Even MCAS’ attempt to scan Petey for a microchip on June 18, 2025, (Many dogs are fearful of wands going over their heads), was clumsy and misguided, putting a checklist ahead of a dog’s comfort.

June 18, 2025, Admissions Exam #2:

Microchip Scan (Positive/Negative/Unable) Unable

Weight (lbs) 19#

Observations During Interaction: Approached kennel front, Petey was already tense on our approach with hard stare, ears flattened back, trembling and lip licking while sitting behind his kuranda bed near his water dish. JG had wand scanner and went into kennel, keeping his bed between them for safety. She took about 1-2 steps into kennel and Petey began growling, snarling with a very tight lip while baring all front teeth and continuing lip lick and did lunge forward multiple times towards JG id she reached towards him with the wand scanner. Due to his high FAS and clear safety concern, chose to end interaction.”
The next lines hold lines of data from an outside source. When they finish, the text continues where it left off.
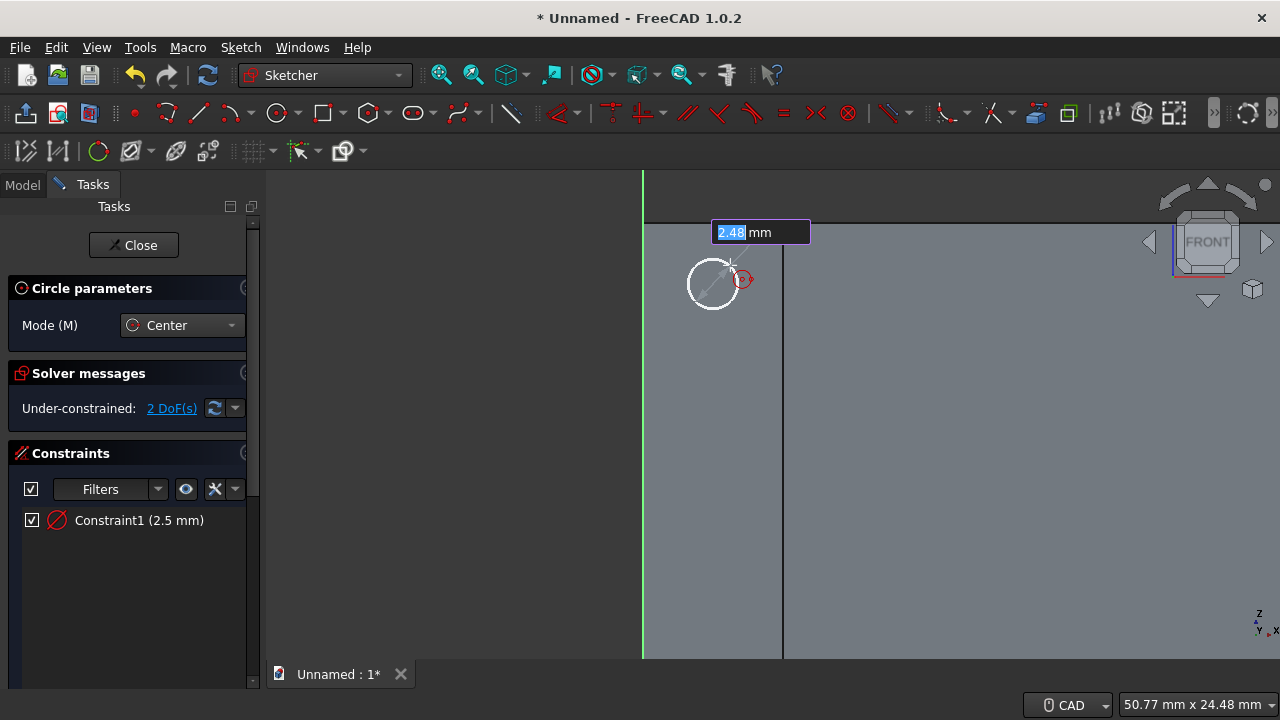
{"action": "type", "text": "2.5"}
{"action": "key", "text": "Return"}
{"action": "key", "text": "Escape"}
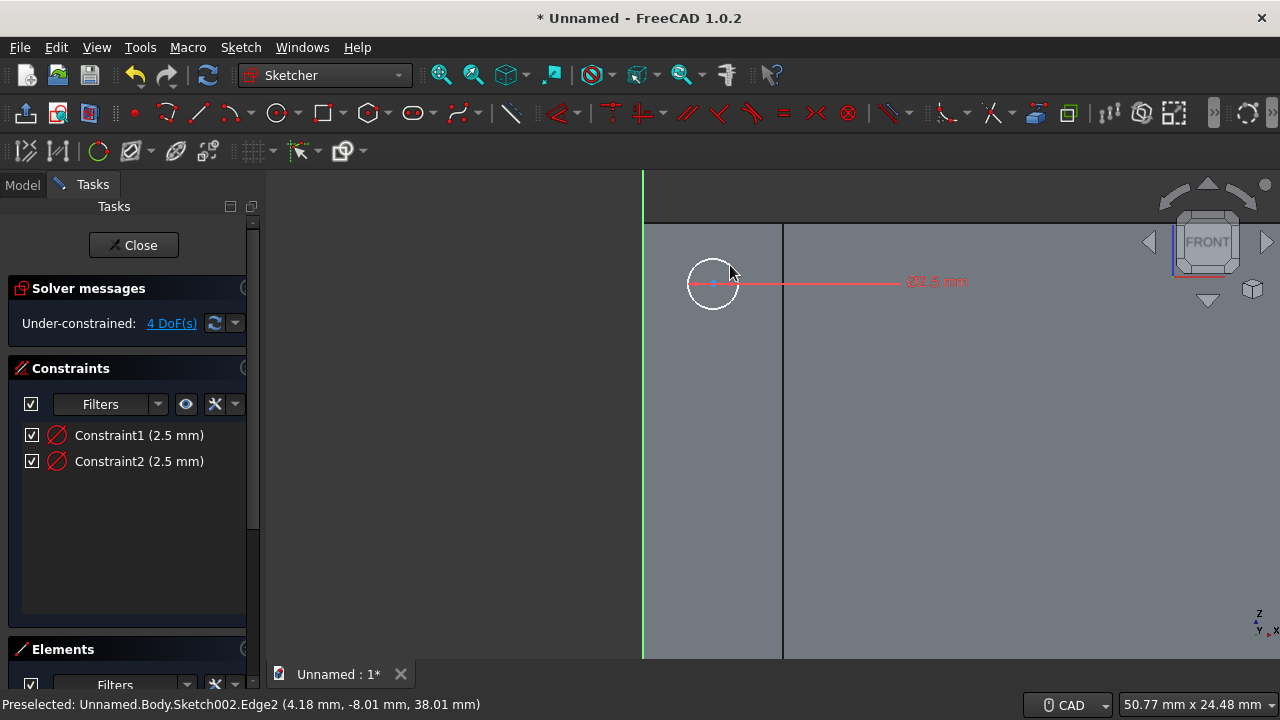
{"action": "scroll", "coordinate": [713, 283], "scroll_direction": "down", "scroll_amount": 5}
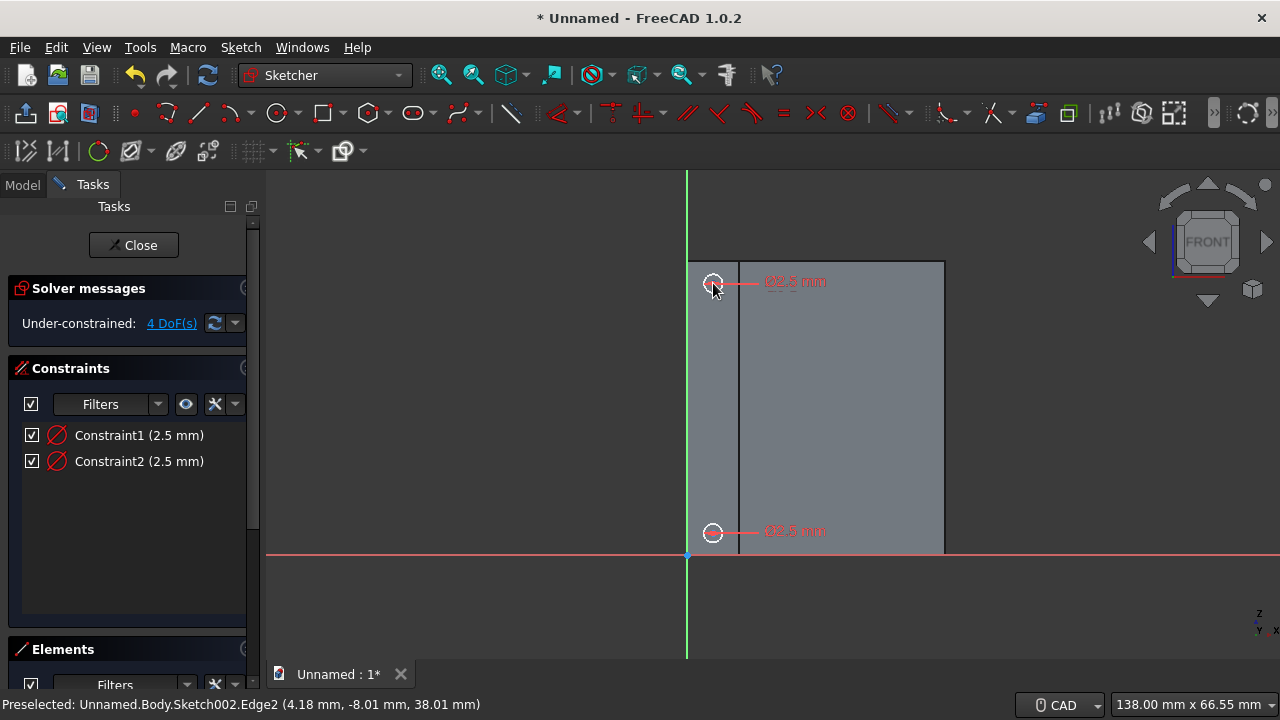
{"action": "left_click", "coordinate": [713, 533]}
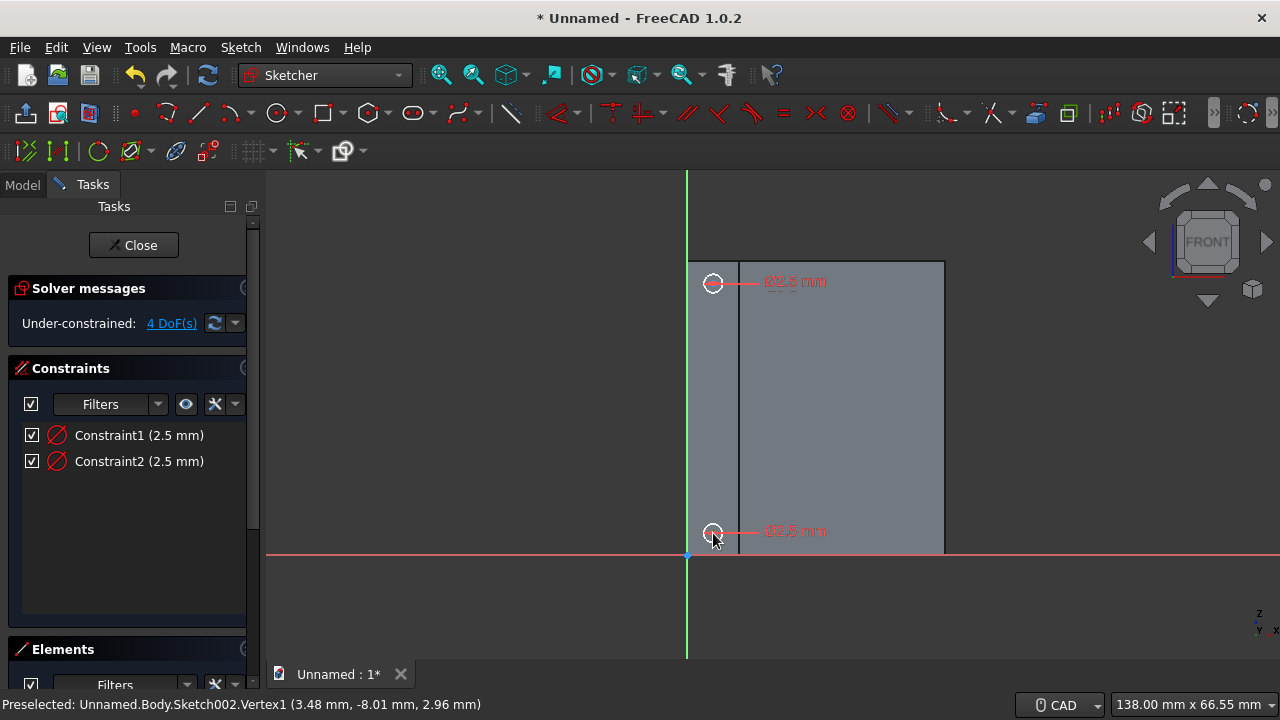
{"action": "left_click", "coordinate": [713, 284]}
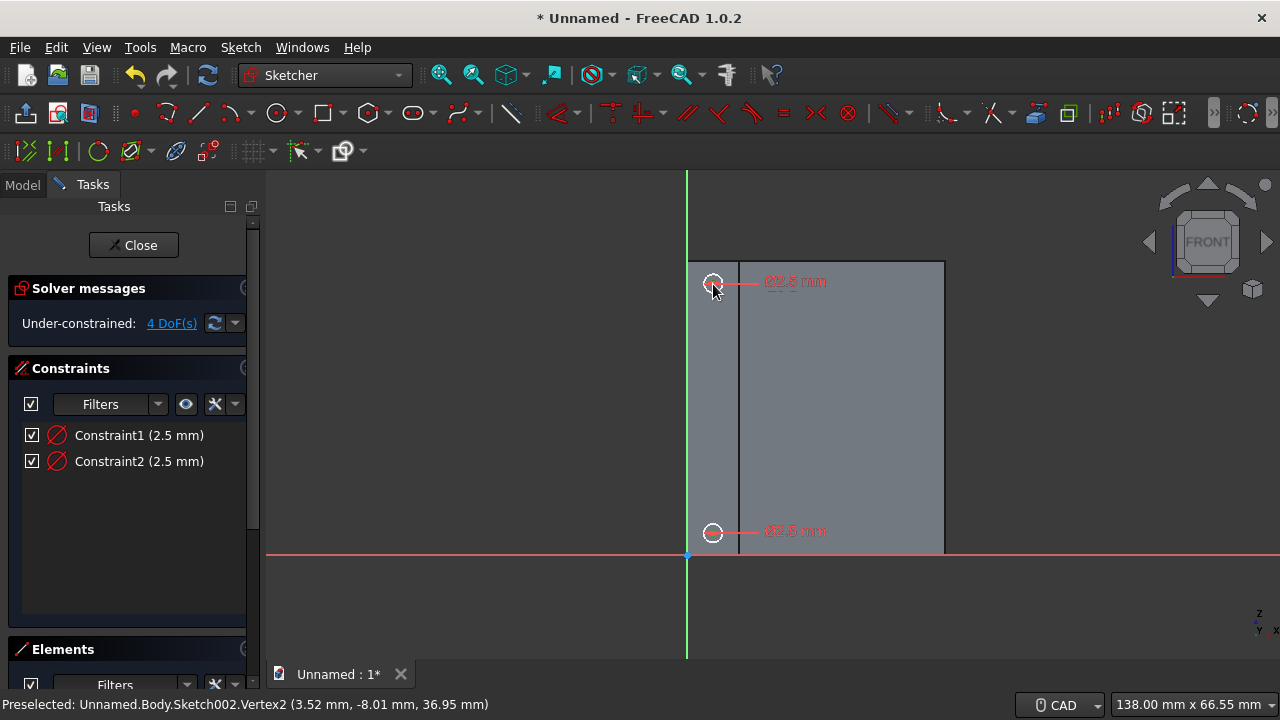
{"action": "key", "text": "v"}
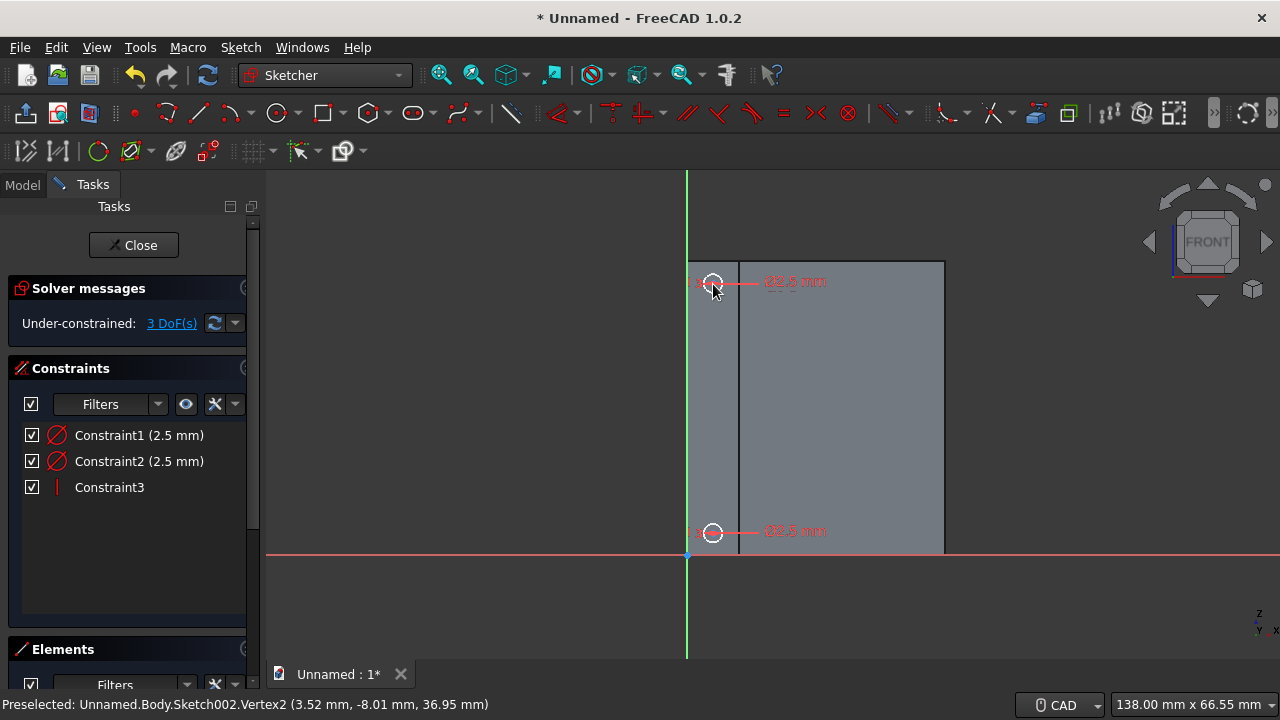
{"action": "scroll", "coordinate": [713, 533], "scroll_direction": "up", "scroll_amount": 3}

A normal agency would not put identifying whether or not there was a microchip ahead of a terrified little dog’s fear. A checklist took precedence over creating comfort. Nor would a normal agency escalate a little dog’s fear by their own provocative behavior. MCAS workers, who are not trained in dealing with animals in their care, improvise and force engagement. They created a “safety risk” through their insensitive forward advances then blamed Petey for the conditions they created.

MCAS has an “unhealthy and untreatable” culture where nearly every animal becomes afraid, and are then killed as a result of agency cruelty.

Petey was put to death 4 days after entering a monstrous shelter, where the only relief from suffering caused by MCAS management was to kill him.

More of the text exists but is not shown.